# [Exercise]
From the line that contains "stool;0.231;0.103;1.245;0.300;0.397;0.300;-17;36;-18" to the end of the entries, copy each line exactly, though the pictures stay out.
──────────
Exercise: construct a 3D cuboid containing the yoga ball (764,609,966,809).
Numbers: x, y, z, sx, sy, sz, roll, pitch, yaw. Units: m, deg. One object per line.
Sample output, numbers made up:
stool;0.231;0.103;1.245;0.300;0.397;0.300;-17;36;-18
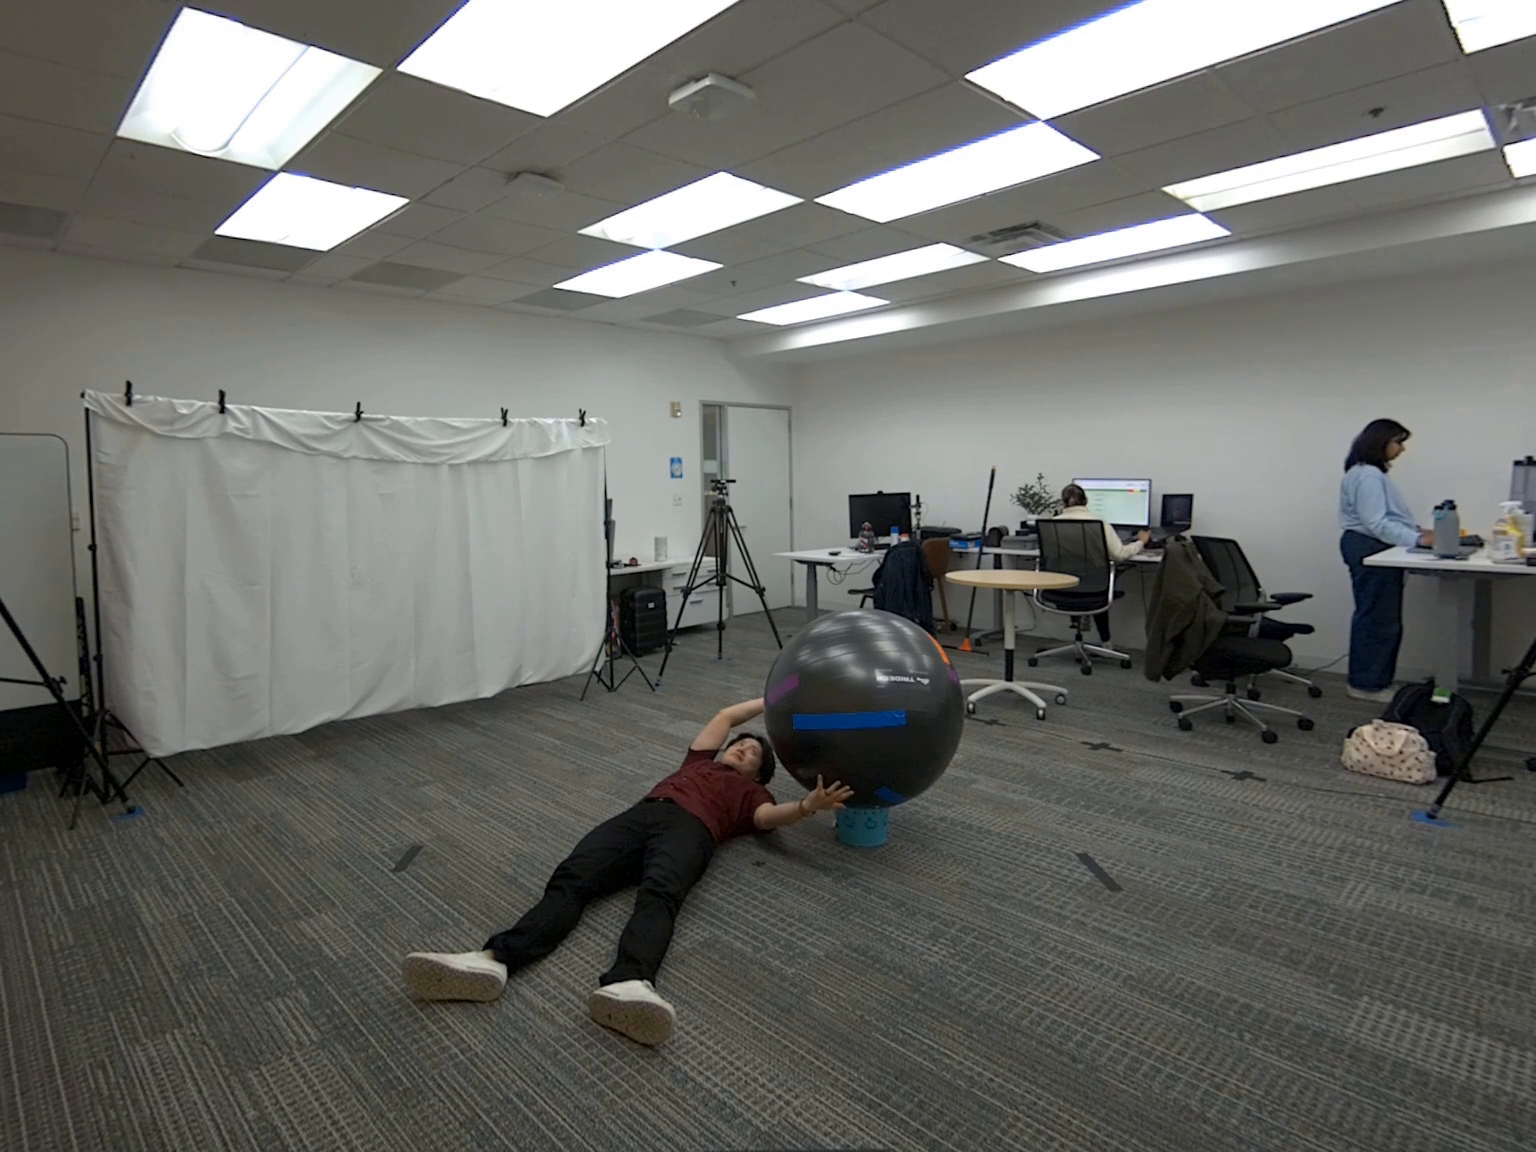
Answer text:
yoga ball;0.366;0.510;3.295;0.757;0.755;0.762;-1;5;-2
──────────
# [Exercise response]
stool;0.231;0.103;1.245;0.300;0.397;0.300;-17;36;-18
Answer text:
yoga ball;0.366;0.510;3.295;0.757;0.755;0.762;-1;5;-2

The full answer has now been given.